How can i collect S.M.A.R.T data on raid controller devices?

tomazb commented 1 year ago

Yes, this is the real reason why you need such a service in the first place - to monitor devices that are not easily visible inside the operating system.

marpears commented 1 year ago

If the device type was able to be retrieved and passed into function readSMARTctl then this could be used with the --device flag and would be a safer way of being able to scan all device types. EG as below :

smartctl --json --info --health --attributes --tolerance=verypermissive --nocheck=standby --format=brief --device megaraid,0 /dev/bus/1

josefzahner commented 1 year ago

@marpears I can read the device info with smartctl including the device option, but NOT with smartctl_exporter...

$ smartctl --json --info --health --attributes --tolerance=verypermissive --nocheck=standby --format=brief --device cciss,1 /dev/sdb
{
  "json_format_version": [
    1,
    0
  ],
  "smartctl": {
    "version": [
      7,
      3
    ],
    "svn_revision": "5338",
    "platform_info": "x86_64-linux-3.10.0-957.27.2.el7.x86_64",
    "build_info": "(local build)",
    "argv": [
      "smartctl",
      "--json",
...

but this doesn't work:

$ smartctl_exporter --smartctl.device='cciss,1 /dev/sdb'
ts=2022-12-02T09:40:45.718Z caller=main.go:90 level=info msg="Starting smartctl_exporter" version="(version=0.9.1, branch=HEAD, revision=a58c632ea8fa0f4f10a9ac9e941e610a7bb2efc1)"
ts=2022-12-02T09:40:45.718Z caller=main.go:91 level=info msg="Build context" build_context="(go=go1.19.3, user=root@fa2a9a938fb5, date=20221106-21:46:18)"
ts=2022-12-02T09:40:45.735Z caller=main.go:112 level=warn msg="Device unavailable" name="cciss,1 /dev/sdb"
ts=2022-12-02T09:40:45.735Z caller=main.go:119 level=info msg="No devices specified, trying to load them automatically"
ts=2022-12-02T09:40:45.735Z caller=main.go:124 level=error msg="No devices found"

lahwaacz commented 1 year ago

@josefzahner The --smartctl.device flag in smartctl_exporter does not translate to the --device flag of smartctl. The exporter expects just the /dev/ node path. Also note that --device cciss,1 /dev/sdb are 3 distinct flags passed on the command line, you can't pass all of that to --smartctl.device.

kfox1111 commented 1 year ago

how does one configure cciss,1? I need to do it on some of my nodes and have not found a way yet.

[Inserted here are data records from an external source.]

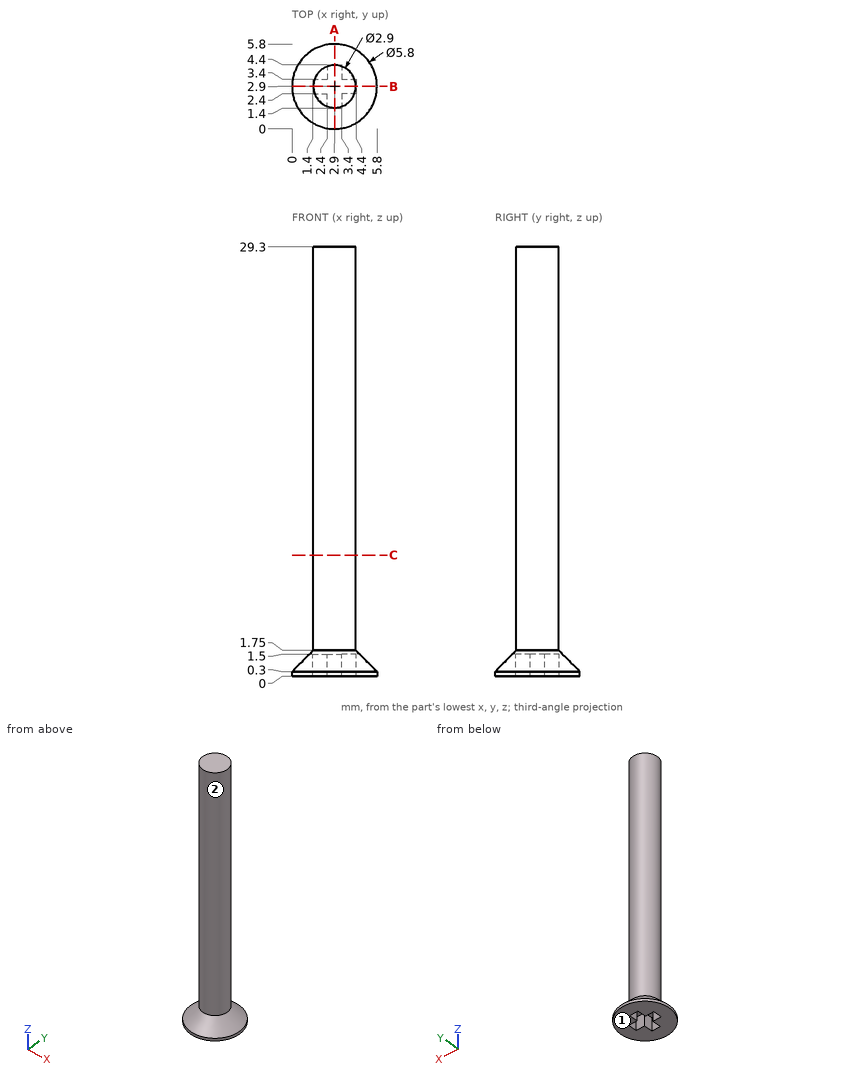
Part print with two shaded views. Sizes in mm from the minimum x, y, z corner. A direction names the side the tool comes from. Coordinates: 2 decimals unless noted, no trailing zeros. Write each loop counter-clockwise with the first axis right and the second up, starting at its lowest first coordinate (ties: lowest second). Pieces come first, ordered by that corner, then holes. Notation, with made-up numbers: (-15.5, 2) - (0.5, 2) arc R27 ccw to (0.5, 37) - close; hole circle Ø2 at (-9, -13.75). An arc over 180 degrees is marked (long way). One line per item, written item: value. Start each with the question number.
1. Tool access for the marked faces 1 and 2: list every direction of +Z, -Z, +X, -X, +Y, -Y with a clear straight run to the whole face (end or side of a thin tool).
2. Probe line 1 (Z direction, x = 3.35, y = 3.9); line 2 (Z direction, x = 0.85, y = 3.75); line 3 (X direction, y = 2.75, z = 16.5). List the from-to ranges inside material, lowest first. Write a range as from..to.
3. Flat gauge pins, fed straight in: pin 1 (1.1 mm diameter, centred on y = 3.5, z = 1, fed in from -X); pin 2 (1 mm diameter, centred on y = 4.5, z = 26, fed in from -X); pin 3 (0.8 mm diameter, centred on y = 4, z = 1, fed in from +X). Where does each tip first touch, or does it go through?
4. Slice it at A-A (x = 2.9). Write the cut outline in (y, z).
5. Slice it at C-C (z = 8.25). Write the cut outline in (x, y).
Answers below:
1. face 1: -Z, +X, -X, +Y, -Y
1. face 2: +Z
2. line 1: z = 1.5..29.3
2. line 2: z = 0..0.98
2. line 3: x = 1.46..4.34
3. pin 1: stops at x = 0.21
3. pin 2: stops at x = 1.96
3. pin 3: stops at x = 5.29
4. outline: (0, 0) - (1.4, 0) - (1.4, 1.5) - (4.4, 1.5) - (4.4, 0) - (5.8, 0) - (5.8, 0.3) - (4.35, 1.75) - (4.35, 29.3) - (1.45, 29.3) - (1.45, 1.75) - (0, 0.3) - close
5. outline: circle Ø2.9 at (2.9, 2.9)
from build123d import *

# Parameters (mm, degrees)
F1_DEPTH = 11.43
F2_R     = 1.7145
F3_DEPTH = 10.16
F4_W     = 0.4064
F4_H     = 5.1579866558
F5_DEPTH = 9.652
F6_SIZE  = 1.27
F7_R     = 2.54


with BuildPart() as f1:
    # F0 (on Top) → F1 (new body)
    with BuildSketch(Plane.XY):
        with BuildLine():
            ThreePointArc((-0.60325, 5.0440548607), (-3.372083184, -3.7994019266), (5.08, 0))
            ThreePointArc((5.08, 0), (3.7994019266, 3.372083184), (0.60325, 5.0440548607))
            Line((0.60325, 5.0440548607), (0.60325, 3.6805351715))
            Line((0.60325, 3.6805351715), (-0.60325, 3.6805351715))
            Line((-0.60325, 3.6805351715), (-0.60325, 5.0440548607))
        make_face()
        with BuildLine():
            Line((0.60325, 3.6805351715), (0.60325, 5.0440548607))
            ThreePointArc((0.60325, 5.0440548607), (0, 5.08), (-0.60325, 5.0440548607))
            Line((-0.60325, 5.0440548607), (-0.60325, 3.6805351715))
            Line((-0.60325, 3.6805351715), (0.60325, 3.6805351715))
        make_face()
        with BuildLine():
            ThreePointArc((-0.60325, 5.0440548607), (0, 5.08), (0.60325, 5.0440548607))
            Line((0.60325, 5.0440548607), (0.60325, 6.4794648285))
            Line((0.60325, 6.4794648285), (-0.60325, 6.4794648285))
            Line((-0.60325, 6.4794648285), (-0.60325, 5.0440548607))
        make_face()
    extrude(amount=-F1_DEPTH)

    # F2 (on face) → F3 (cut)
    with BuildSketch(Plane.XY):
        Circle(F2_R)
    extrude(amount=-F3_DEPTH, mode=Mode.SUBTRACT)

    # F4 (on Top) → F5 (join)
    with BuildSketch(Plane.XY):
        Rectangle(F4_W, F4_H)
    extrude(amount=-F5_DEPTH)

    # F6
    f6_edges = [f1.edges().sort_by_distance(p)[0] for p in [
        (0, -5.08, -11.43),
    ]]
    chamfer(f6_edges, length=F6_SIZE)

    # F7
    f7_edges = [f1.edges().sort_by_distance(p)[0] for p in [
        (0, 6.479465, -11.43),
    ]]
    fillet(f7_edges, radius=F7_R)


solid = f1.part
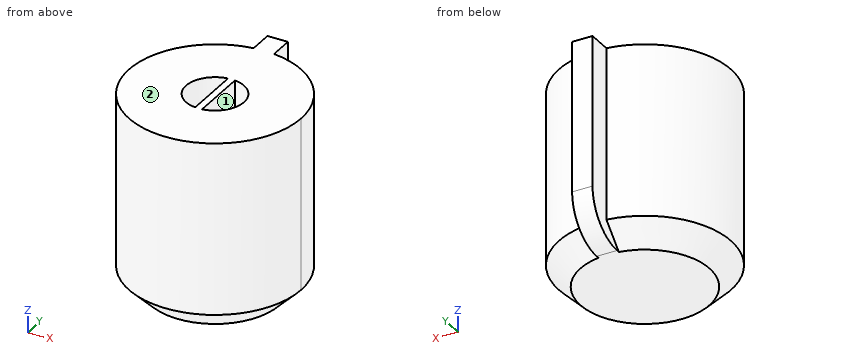
Could you check a few things on this model? Use its own coordinates, in mm. Face numbers are marked on the shaded views. Coordinates: 2 decimals unless noted, no trailing zeros. Write each loop counter-clockwise with the first axis right and the second up, starting at its lowest first coordinate (ties: lowest second). Pieces come first, ordered by that corner, then holes. Notation, with made-up numbers: (-1.5, 21.5) - (31.5, 21.5) arc R27 ccw to (31.5, 44.5) - close; hole circle Ø8 at (58, 1.5). An arc over 180 degrees is marked (long way). Write item = value, one per line.
1) We'd pull the mould along X, two halves only. Please class the marked faces 1 and 2: +X half, -X half, draft (parallel to the pull), parting line (faces both ways), or undercut.
Result set:
face_1 = undercut
face_2 = draft
2) Suppose I cut it at C-C on y = 5.5. Please give me the cut outline in (x, z).
Result set:
outline = (-0.6, -10.89) - (0.6, -10.89) - (0.6, 0) - (-0.6, 0) - close
3) Suppose I cut it at A-A on x = 0. Please give me the cut outline in (y, z).
Result set:
outline = (-5.08, -10.16) - (-3.81, -11.43) - (3.94, -11.43) arc R2.54 ccw to (6.48, -8.89) - (6.48, 0) - (-5.08, 0) - close; hole (-1.71, -10.16) - (1.71, -10.16) - (1.71, -9.65) - (-1.71, -9.65) - close
4) Please list where these lines run through material, in increasing order: line 1 (X direction, y = 0, z = -7.5); line 2 (Y direction, x = 0.5, z = -3.75); line 3 (Y direction, x = -0.25, z = -2.75). Write a range as [from, to].
Result set:
line_1 = [-5.08, -1.71], [-0.2, 0.2], [1.71, 5.08]
line_2 = [-5.06, -1.64], [1.64, 6.48]
line_3 = [-5.07, -1.7], [1.7, 6.48]
5) Will these pins go through, and if not, where does the flat tip stop? pin 1 Ø3 at (y, z) = (4.5, -8.5) entering from -X; pin 2 Ø1 at (x, z) = (-3.5, -4) entering from +Y.
Result set:
pin_1 = -4.1
pin_2 = 4.1
6) Suppose I cut it at B-B on z = -8. Please give me the cut outline in (x, y), plus the area to 3 significant figures.
Result set:
outline = (-0.6, 5.04) arc R5.08 ccw (long way) to (0.6, 5.04) - (0.6, 6.48) - (-0.6, 6.48) - close; hole (-0.2, -1.7) - (-0.2, 1.7) arc R1.71 ccw to start; hole (0.2, -1.7) arc R1.71 ccw to (0.2, 1.7) - close
area = 74.9 mm2
Verification items for the finished model (mm, model axes). A direction names the side the tool comes from. Round coordinates to 2 decimals unless told otherwise and drop trailing zeros. Loops run counter-clockwise (first coordinate to the right, second up) from the corner with the lowest first, then second, coordinate; pieces in that order, holes last.
from build123d import *

# Parameters (mm, degrees)
F0_W     = 80
F0_H     = 82
F1_DEPTH = 4
F2_W     = 80
F2_H     = 82
F3_DEPTH = 36


with BuildPart() as f1:
    # F0 (on Top) → F1 (new body)
    with BuildSketch(Plane.XY):
        Rectangle(F0_W, F0_H)
    extrude(amount=F1_DEPTH)

    # F2 (on face) → F3 (join)
    with BuildSketch(Plane.XY.offset(4)):
        Rectangle(F2_W, F2_H)
        Polygon((-37, 29.3), (-19.3, 29.3), (-19.3, 38), (19.3, 38), (19.3, 29.3), (37, 29.3), (37, -29.3), (19.3, -29.3), (19.3, -38), (-19.3, -38), (-19.3, -29.3), (-37, -29.3), align=None, mode=Mode.SUBTRACT)
    extrude(amount=F3_DEPTH)


solid = f1.part
1. Tool access check on faces 5 (the face through (-28, 29.3, 22)), 6 (the face through (40, -1, 20)). Record the directions out of +Z, -Z, +X, -X, +Y, -Y that give a thin tool (end or side, any length) a straight path to the whole face; none if there is none.
2. Release check for a two-part mould opening along X. For faces 1 (the face through (-1, 41, 20)), 2 (the face through (-40, -1, 20)), 3 (the face through (-37, 0, 22)), 4 (the face through (-1, 1, 4)) record: released by +X, released by -X, zero draft, split by the parting line, or undercut.
3. Gauge pin test, flat end, axial feed: P1, Ø6, axis at x = -4, y = -22, coming from the +Z side. Record the tip position at first contact, or that the pin passes through.
4. Section check B-B (x = -4). Enter the section's corners in (y, z).
5. Section check C-C (y = -3). Enter the section's corners in (x, z).
6. Section check A-A (z = 9). Enter the section's corners in (x, y).
7. Scan lines: L1, parallel to Y at x = 27.5, z = 9; L2, parallel to Y at x = -11, z = 10; L3, parallel to X at y = -14, z = 35.5. Record each from-to range of solid material in increasing order.
Taken from the geometry:
1. face 5: +Z
1. face 6: +Z, -Z, +X, +Y, -Y
2. face 1: zero draft
2. face 2: released by -X
2. face 3: undercut
2. face 4: undercut
3. P1: stops at z = 4
4. outline: (-41, 0) - (41, 0) - (41, 40) - (38, 40) - (38, 4) - (-38, 4) - (-38, 40) - (-41, 40) - close
5. outline: (-40, 0) - (40, 0) - (40, 40) - (37, 40) - (37, 4) - (-37, 4) - (-37, 40) - (-40, 40) - close
6. outline: (-40, -41) - (40, -41) - (40, 41) - (-40, 41) - close; hole (-37, -29.3) - (-19.3, -29.3) - (-19.3, -38) - (19.3, -38) - (19.3, -29.3) - (37, -29.3) - (37, 29.3) - (19.3, 29.3) - (19.3, 38) - (-19.3, 38) - (-19.3, 29.3) - (-37, 29.3) - close
7. L1: y = -41 to -29.3, 29.3 to 41
7. L2: y = -41 to -38, 38 to 41
7. L3: x = -40 to -37, 37 to 40

anthonyeleven commented 1 year ago

This is a gating factor for me too. I've added comments to the above issue and linked PR.

jakubgs commented 1 year ago

This is also an issue for me. I guess a proper solution would involve adding a separate flag to provide extra flags for smartctl.

anthonyeleven commented 1 year ago

The tool should discover such HBAs and do so automagically at per-device granularity, since there can and will be a mixed population of direct-attach, passthrough, and hidden-by-VD drives on various sytems and especially within a given system.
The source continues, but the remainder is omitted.